Bus Transjakarta yang mana mempunyai desain tanpa atap pun telah berada dalam Jalan Gerbang Pemuda, tepat di dalam depan Kantor Kemenpora, untuk menyebabkan 29 atlet juga sebagian ofisial yang mana terlibat di rombongan. Bus berwarna putih itu juga bergambar sosok para Olimpian Indonesia yang dimaksud mentas di area Paris 2024.
Sementara kondisi lalu lintas di area Jalan Gerbang Pemuda terpantau masih lancar. Belum ada kumpulan warga atau rakyat yang mana ingin menyaksikan arak-arakan itu.
Rombongan pawai ini sendiri rencananya akan segera berangkat dari Kantor Kemenpora menuju Istana Negara Kepresidenan. Mereka akan melawati Simpang Susun Semanggi ke arah Bundaran HI untuk menuju ke sana.
Nantinya mereka akan disambut dalam Istana Negara Kepresidenan juga bertemu dengan Presiden Joko Widodo. Kemudian,mereka direncanakan akan segera menerima bonus dari pemerintah secara simbolis.
Sebagaimana diketahui, semua atlet yang mewakili Indonesia dalam Olimpiade Paris 2024 akan segera diguyur bonus dari pemerintah pusat. Untuk peraih medali emas, yakni Veddriq Leonardo dan juga Rizki Juniansyah mendapat uang sebesar Rp6 miliar.

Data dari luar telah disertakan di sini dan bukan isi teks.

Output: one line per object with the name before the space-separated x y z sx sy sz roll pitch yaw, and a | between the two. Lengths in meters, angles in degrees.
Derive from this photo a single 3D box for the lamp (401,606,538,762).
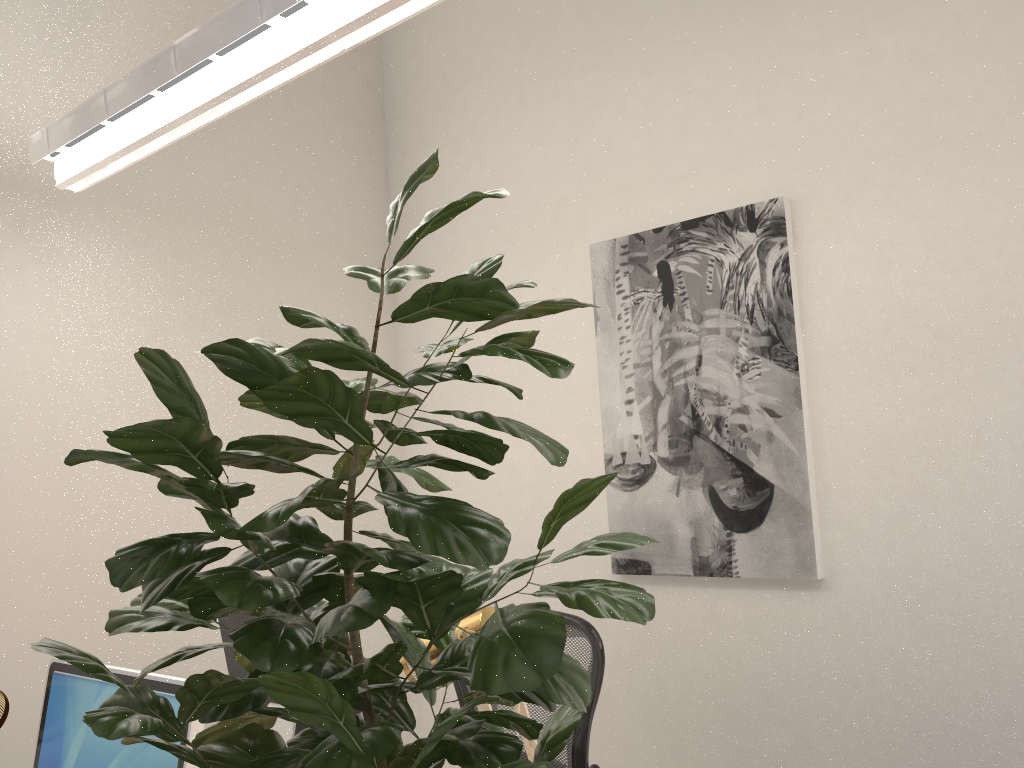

Sementara pembimbing yang mana membantu atletnya meraih emas diganjar bonus sebesar Rp2,75 miliar. Sedangkan atlet yang dimaksud meraih medali perunggu, Gregoria Mariska Tunjung, mendapat Rp1,65 miliar serta pelatihnya memperoleh Rp675 juta.
Selain para peraih medali, Menpora Dito Ariotedjo, juga menegaskan para atlet lainnya akan mendapat bonus. Namun, jumlahnya tak disebutkan.